[Data to process Boundary: Start]
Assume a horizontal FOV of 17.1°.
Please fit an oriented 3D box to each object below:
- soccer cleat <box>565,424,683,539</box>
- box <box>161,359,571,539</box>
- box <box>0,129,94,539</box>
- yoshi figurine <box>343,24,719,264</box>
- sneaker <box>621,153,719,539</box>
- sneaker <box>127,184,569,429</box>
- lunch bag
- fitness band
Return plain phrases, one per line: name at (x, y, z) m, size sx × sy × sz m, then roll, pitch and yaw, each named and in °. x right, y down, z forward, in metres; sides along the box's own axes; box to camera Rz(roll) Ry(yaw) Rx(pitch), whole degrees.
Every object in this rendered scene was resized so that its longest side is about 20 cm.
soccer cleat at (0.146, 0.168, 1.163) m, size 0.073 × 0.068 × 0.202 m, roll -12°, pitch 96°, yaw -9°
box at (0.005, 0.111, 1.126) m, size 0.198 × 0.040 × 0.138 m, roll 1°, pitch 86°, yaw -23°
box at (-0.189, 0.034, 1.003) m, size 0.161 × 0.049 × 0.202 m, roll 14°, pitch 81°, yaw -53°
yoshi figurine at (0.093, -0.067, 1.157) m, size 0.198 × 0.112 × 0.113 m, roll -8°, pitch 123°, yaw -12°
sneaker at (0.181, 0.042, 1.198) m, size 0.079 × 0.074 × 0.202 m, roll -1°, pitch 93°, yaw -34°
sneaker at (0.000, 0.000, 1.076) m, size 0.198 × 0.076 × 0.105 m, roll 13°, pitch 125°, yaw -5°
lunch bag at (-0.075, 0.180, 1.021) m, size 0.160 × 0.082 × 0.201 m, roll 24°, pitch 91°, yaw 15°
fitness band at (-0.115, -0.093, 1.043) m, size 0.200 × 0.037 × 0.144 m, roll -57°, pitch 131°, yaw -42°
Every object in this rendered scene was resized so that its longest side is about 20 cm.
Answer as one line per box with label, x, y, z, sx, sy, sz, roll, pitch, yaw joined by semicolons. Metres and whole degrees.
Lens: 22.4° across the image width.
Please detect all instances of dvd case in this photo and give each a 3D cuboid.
[Data to process Boundary: End]
[Data to process Boundary: Start]
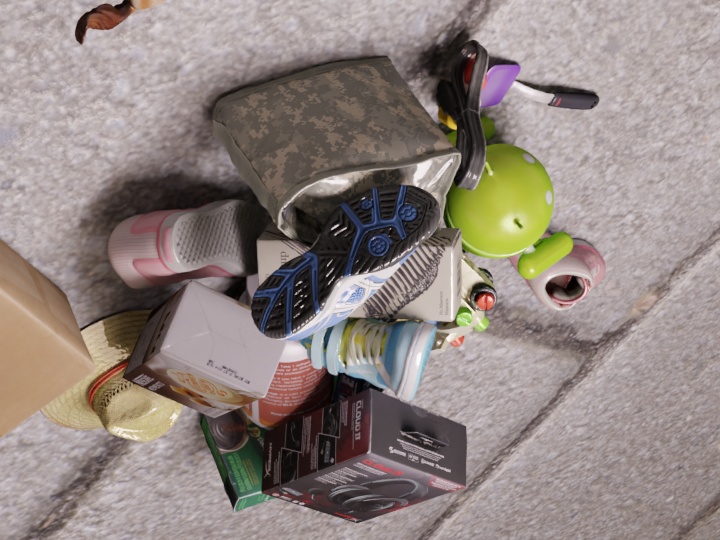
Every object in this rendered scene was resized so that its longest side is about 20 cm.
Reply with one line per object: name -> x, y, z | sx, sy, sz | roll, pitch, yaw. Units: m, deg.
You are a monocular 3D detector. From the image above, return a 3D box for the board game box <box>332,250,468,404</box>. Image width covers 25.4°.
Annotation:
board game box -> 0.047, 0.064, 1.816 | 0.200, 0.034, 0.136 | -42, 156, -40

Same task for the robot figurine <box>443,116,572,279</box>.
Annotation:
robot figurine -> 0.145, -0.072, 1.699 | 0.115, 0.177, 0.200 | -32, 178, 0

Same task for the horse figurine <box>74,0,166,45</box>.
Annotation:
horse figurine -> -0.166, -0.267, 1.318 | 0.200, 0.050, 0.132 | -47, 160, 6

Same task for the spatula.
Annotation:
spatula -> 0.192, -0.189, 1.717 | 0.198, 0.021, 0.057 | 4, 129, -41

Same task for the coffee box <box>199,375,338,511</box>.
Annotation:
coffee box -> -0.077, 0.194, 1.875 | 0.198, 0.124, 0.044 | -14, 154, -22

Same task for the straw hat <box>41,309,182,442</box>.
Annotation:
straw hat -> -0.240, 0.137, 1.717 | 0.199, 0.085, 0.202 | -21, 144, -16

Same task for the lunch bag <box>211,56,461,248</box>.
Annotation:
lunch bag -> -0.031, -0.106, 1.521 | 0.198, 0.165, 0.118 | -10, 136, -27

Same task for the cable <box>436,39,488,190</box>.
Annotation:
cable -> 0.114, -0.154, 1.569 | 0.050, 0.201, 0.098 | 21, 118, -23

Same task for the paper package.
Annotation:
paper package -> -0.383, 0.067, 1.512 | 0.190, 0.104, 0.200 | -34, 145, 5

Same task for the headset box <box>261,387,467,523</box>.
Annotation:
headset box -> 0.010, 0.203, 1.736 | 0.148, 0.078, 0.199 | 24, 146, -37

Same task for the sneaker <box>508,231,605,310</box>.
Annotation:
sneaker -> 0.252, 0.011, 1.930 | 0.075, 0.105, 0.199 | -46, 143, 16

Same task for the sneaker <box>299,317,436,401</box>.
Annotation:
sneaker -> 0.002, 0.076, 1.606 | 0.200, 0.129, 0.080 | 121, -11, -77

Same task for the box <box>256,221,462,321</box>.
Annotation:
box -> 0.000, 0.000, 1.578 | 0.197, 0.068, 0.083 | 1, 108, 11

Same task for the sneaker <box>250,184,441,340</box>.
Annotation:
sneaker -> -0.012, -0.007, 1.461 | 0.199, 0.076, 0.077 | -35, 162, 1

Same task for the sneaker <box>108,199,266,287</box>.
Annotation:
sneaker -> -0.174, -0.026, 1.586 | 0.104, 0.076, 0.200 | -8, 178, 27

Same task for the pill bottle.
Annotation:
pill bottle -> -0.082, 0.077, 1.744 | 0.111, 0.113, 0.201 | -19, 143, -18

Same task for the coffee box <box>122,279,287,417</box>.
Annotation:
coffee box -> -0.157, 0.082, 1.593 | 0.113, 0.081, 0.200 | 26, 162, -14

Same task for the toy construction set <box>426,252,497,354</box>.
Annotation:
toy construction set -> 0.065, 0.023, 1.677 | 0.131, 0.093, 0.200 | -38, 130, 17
[Data to process Boundary: End]
→ Your goal:
Note every line of the records that holds the word "whole", and copy it.

→ Output for this exercise:
Return plain phrases, one per line: name at (x, y, z) m, size sx × sy × sz m, then roll, pitch and yaw, each named and in °. x right, y down, z forward, in metres; sides along the box's own axes; box to camera Rz(roll) Ry(yaw) Rx(pitch), whole degrees.
Answer as one line per box with label, x, y, z, sx, sy, sz, roll, pitch, yaw joined by semicolons. Metres and whole degrees.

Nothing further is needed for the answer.